During this Angoff procedure, two other activities were completed for each item. First, the SMEs reviewed the statistics for several items. The item statistics showed that some items were clearly unacceptable and some items were clearly good items. Thus, the review was limited to the remaining items. Second, SMEs performed content validity ratings. For each retained item, they rated the importance of the knowledge tapped by the item. This was rated on a four-point scale from “Not important” to “Extremely important.” All items, except one, had a mean rating (across the seven SMEs) of at least 3 which represents “moderately important.” Item 6027025 had a mean importance rating of 2.9. No items were dropped because of low content validity ratings.

 

The cut scores for the other three section of the test were set using the bookmark method. A separate cut score was set for each of these sections for each of the three test forms.

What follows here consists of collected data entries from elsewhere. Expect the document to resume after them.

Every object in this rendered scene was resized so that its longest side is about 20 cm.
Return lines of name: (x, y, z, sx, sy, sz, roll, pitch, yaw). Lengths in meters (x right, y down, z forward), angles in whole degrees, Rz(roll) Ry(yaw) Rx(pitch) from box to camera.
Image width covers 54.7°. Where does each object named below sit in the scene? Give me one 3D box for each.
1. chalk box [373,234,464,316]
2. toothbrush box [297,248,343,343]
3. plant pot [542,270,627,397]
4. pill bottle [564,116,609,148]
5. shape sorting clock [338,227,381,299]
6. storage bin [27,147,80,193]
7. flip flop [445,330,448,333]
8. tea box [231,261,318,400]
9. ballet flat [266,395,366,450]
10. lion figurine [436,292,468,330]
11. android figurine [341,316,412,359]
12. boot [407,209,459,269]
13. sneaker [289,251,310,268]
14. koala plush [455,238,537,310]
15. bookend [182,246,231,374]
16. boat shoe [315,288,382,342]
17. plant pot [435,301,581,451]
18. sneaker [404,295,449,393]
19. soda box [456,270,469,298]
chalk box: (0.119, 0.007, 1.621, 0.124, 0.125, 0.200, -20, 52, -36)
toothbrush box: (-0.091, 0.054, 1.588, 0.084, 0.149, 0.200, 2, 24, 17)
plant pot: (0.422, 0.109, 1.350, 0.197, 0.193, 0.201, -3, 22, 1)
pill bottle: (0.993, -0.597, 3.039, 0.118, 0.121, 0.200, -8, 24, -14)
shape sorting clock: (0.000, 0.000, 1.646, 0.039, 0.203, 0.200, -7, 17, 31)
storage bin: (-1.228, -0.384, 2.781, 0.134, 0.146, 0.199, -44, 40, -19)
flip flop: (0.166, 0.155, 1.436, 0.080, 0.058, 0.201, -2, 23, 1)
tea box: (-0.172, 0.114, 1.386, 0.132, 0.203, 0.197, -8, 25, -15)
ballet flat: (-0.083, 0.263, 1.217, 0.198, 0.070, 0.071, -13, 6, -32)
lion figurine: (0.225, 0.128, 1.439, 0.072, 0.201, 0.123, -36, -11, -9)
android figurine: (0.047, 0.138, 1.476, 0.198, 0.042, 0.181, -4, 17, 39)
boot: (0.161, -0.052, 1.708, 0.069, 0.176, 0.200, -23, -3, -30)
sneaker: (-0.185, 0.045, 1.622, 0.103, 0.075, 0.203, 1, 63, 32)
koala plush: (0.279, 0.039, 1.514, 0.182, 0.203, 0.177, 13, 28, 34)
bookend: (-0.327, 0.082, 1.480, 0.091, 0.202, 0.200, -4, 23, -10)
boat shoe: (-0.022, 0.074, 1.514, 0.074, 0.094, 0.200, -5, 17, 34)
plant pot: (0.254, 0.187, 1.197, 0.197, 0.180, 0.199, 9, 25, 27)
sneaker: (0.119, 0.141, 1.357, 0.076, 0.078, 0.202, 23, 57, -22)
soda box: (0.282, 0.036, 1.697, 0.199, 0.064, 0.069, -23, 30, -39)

Thus, the bookmark process was done nine times (3 forms x 3 sections per from). In the bookmark method, the SME is given a pile of candidates’ completed test sections. The pile is sorted by section score. Because the score on these three sections is the number of errors, lower scores are better than higher scores. The SMEs’ task was to place a bookmark in the pile at the score that separates the competent candidates from the not competent candidates.

 

The SMEs were given not only the completed sections but also the scorer’s list of errors for each candidate. That simplified the SME’s judgment task. When all SMEs had placed their first bookmark, they announced the location of their bookmark to the other SMEs. During the discussion, the SME’s explained their reasoning for their bookmark placement. After the discussion, the SMEs were given the opportunity to move their bookmarks.

 

The SMEs’ final bookmarks were used to determine the cut score for a section. Each SME’s final bookmark was placed between two candidates. The median bookmark placement, among all the SMEs, was determined. A candidate’s score was on either side of this bookmark. The official passing score was the average of these two candidates’ scores. This score was rounded down to the nearest whole number. This procedure was followed for each section within each test form. The final passing scores are shown in Table 1 below. The passing scores were similar across test forms. The one exception was for the proofreading section. The SMEs judged Form A to be more difficult than the other two forms.

 

Pilot Test Results

Forty-eight candidates completed the pilot test. However, four candidates had extremely poor scores, and they were much worse than the other candidates. Therefore, all analyses were based on the remaining 44 candidates. Appendix F shows the summary statistics for the participants’ background survey. The average completion times, in minutes, were 94, 50, 75, 50 for the slate, braillewriter, proofreading, and multiple-choice sections, respectively. The mean duration for the entire test was 266 minutes with a minimum of 150 and a maximum of 390 (i.e., 6 hours and 30 minutes). These times are somewhat misleading because some candidates likely took the entire allotted time by checking their work thoroughly after finishing early. The descriptive statistics for each section’s scores are shown in Table 2 below.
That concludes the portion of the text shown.